Sometimes the news of the day just leaves you scratching your head and mumbling, “Huh?”
A local case in point — changes in the emergency food distribution system in Lassen County has led to smaller distributions of food to Lassen County’s neediest residents. Volunteers associated with California Emergency Foodlink, a nonprofit that has been delivering food to food banks in Lassen County for nearly 30 years, report the state contract under which Foodlink delivered food to Lassen County’s neediest residents ended Sept. 30, and since then the local food banks have been receiving half as much food and virtually no fresh produce for county residents.

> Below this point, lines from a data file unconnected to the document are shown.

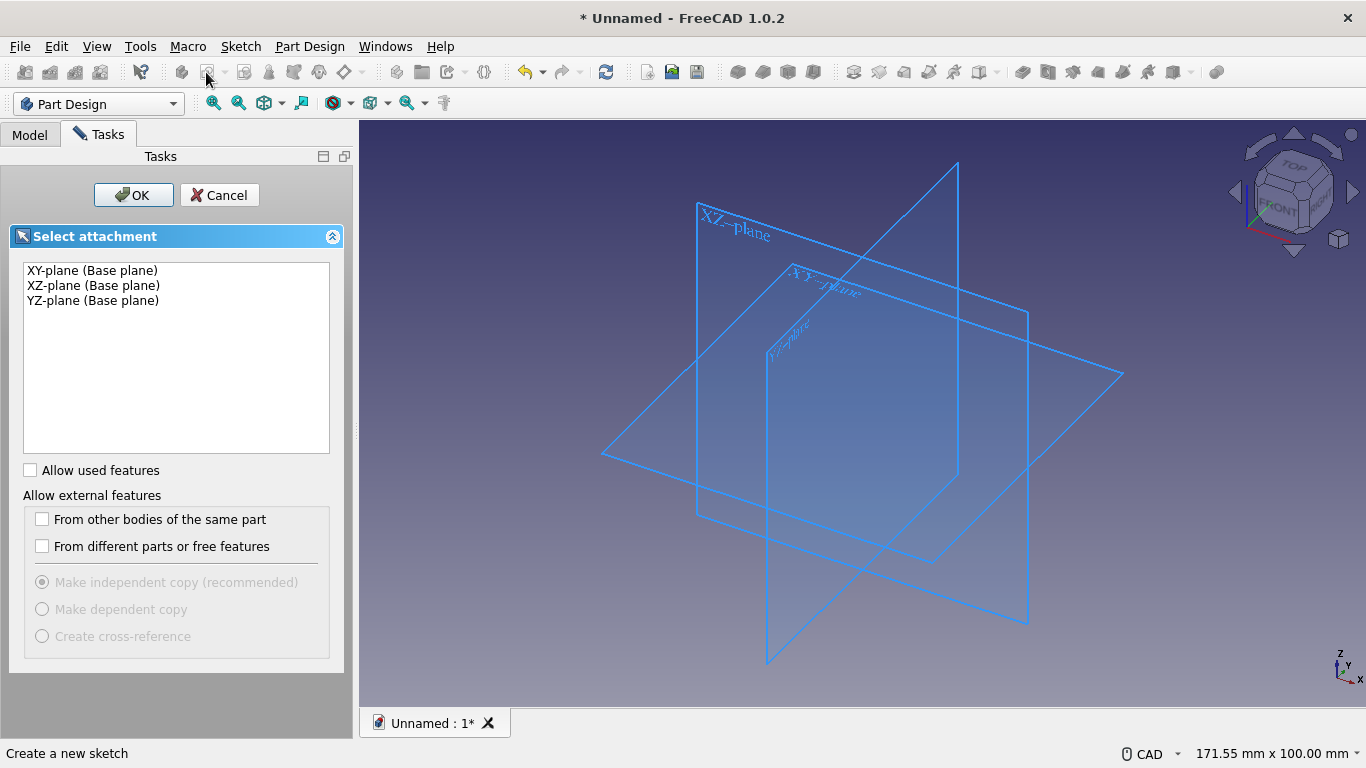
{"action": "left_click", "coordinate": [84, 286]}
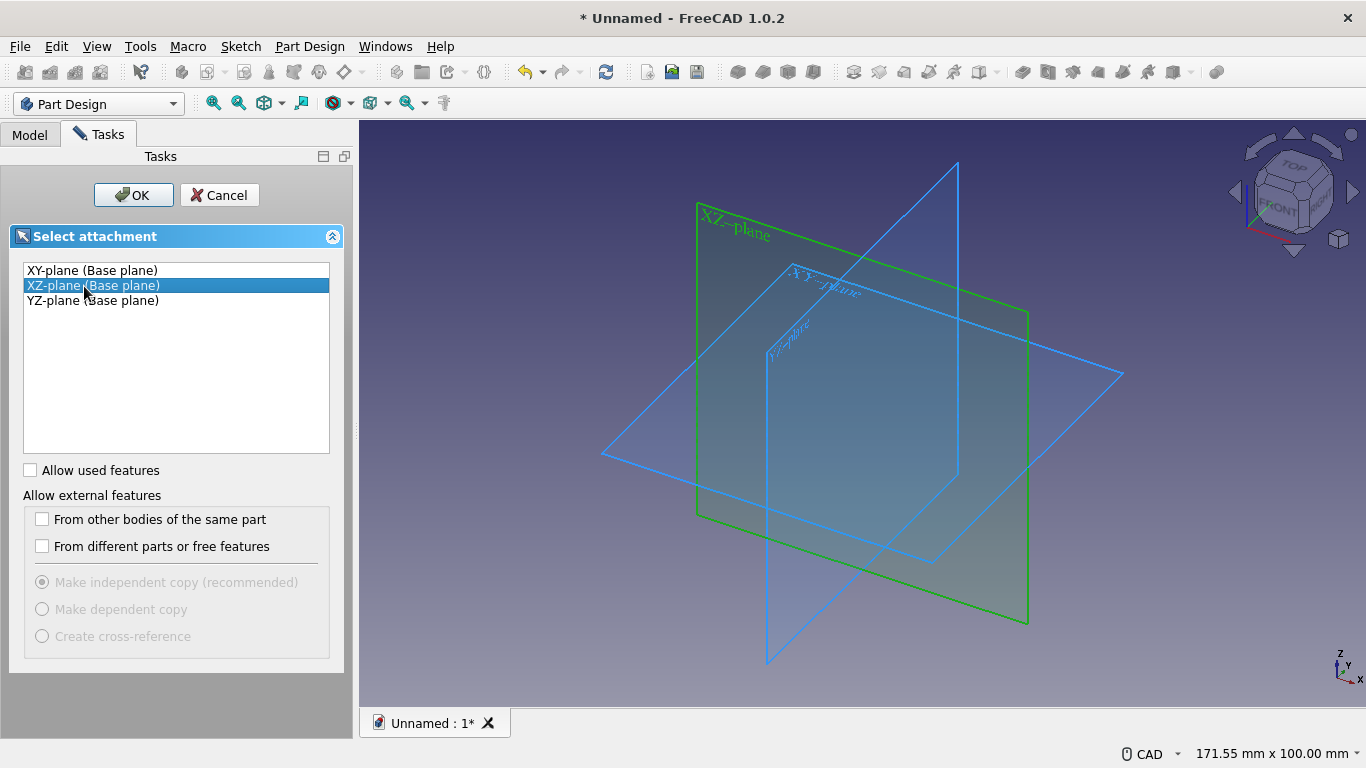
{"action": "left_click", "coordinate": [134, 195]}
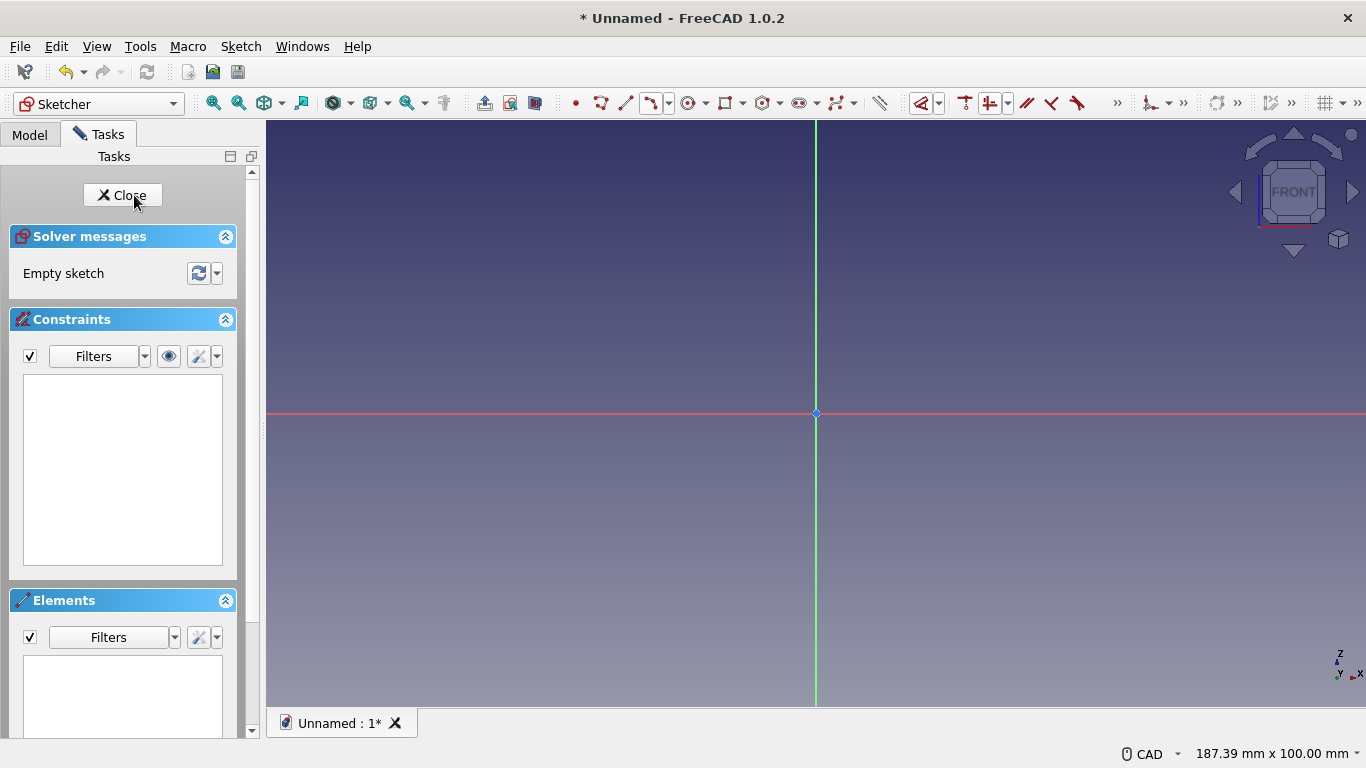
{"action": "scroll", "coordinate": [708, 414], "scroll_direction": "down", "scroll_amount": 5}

And if that information isn’t concerning enough by itself, all that undelivered food already allotted for Lassen County residents this September remains in a Sacramento warehouse while a new food distribution process serves the needy in Lassen and Modoc counties.
Lauren Lathan Reid, director or communications for the California Association of Food Banks, declined to comment for this story.
“Thanks for reaching out,” Reid wrote in a 4 p.m. Monday, Nov. 2 response to a Friday, Oct. 30 morning email from lassennews.com. “I think your questions are probably best answered by the folks at the Californina (sic) Department of Social Services. Their comms (communications) guy is Scott Murray. I suggest you reach out to him.”
Lassennews.com had already contacted Murray Friday morning. He asked for more details, but he did not provide any information on the situation by deadline Monday evening.
Lassennews.com also reached out to state senator Brian Dahle. Dahle said he was aware of food distribution problems in other parts of his district and had worked to get the food out to the people.
“I did it in other parts of the district, but I wasn’t aware you were out of food,” Dahle said. “I’ll get to work on that.”
Foodlink used to deliver to Lassen and Modoc counties,” said Linda Cristian, president/chief financial officer, California Emergency Foodlink, “but our memorandum of understanding expired Sept. 30 and the state sent us a letter saying Nevada Foodbank was taking over effective Oct. 1. Then there was another letter saying the California Association of Foodbanks was going to take over October through December and Northern Nevada Foodbank would be taking over effective Jan. 1.”
Cristian said she would provide email copies of those letters to lassennews.com, but they did not arrive by deadline.
“We have in our warehouse Lassen and Modoc’s food that should have been going to those counties from through December,” Cristian said. “In the meantime, they have hired The California Association of Foodbanks to deliver food and, from what I understand, they’re getting food from SYSCO in Sacramento and (that food is) going to SYSCO in Reno and then somebody in Reno is delivering it.”
According to its website, “SYSCO is the global leader in selling, marketing and distributing food and non-food products to restaurants, healthcare and educational facilities, lodging establishment and other customers around the world.”
Cristian said she didn’t have an opinion on how or when the situation would improve for the needy in Lassen and Modoc counties.
“I’m not sure. I have no idea,” Cristian said. “We’re not involved in it anymore except there’s food here in our warehouse and that food should have been delivered to Lassen and Modoc counties.”
The California Association of Foodbanks is getting food from SYSCO, Cristian said — “a whole lot less food than they were getting. They’re getting a whole lot less food than we were delivering.”
Cristian said her agency has never used SYSCO to distribute its food.
“It’s very complicated,” Cristian said of the situation and all the different players, “but it’s not right.”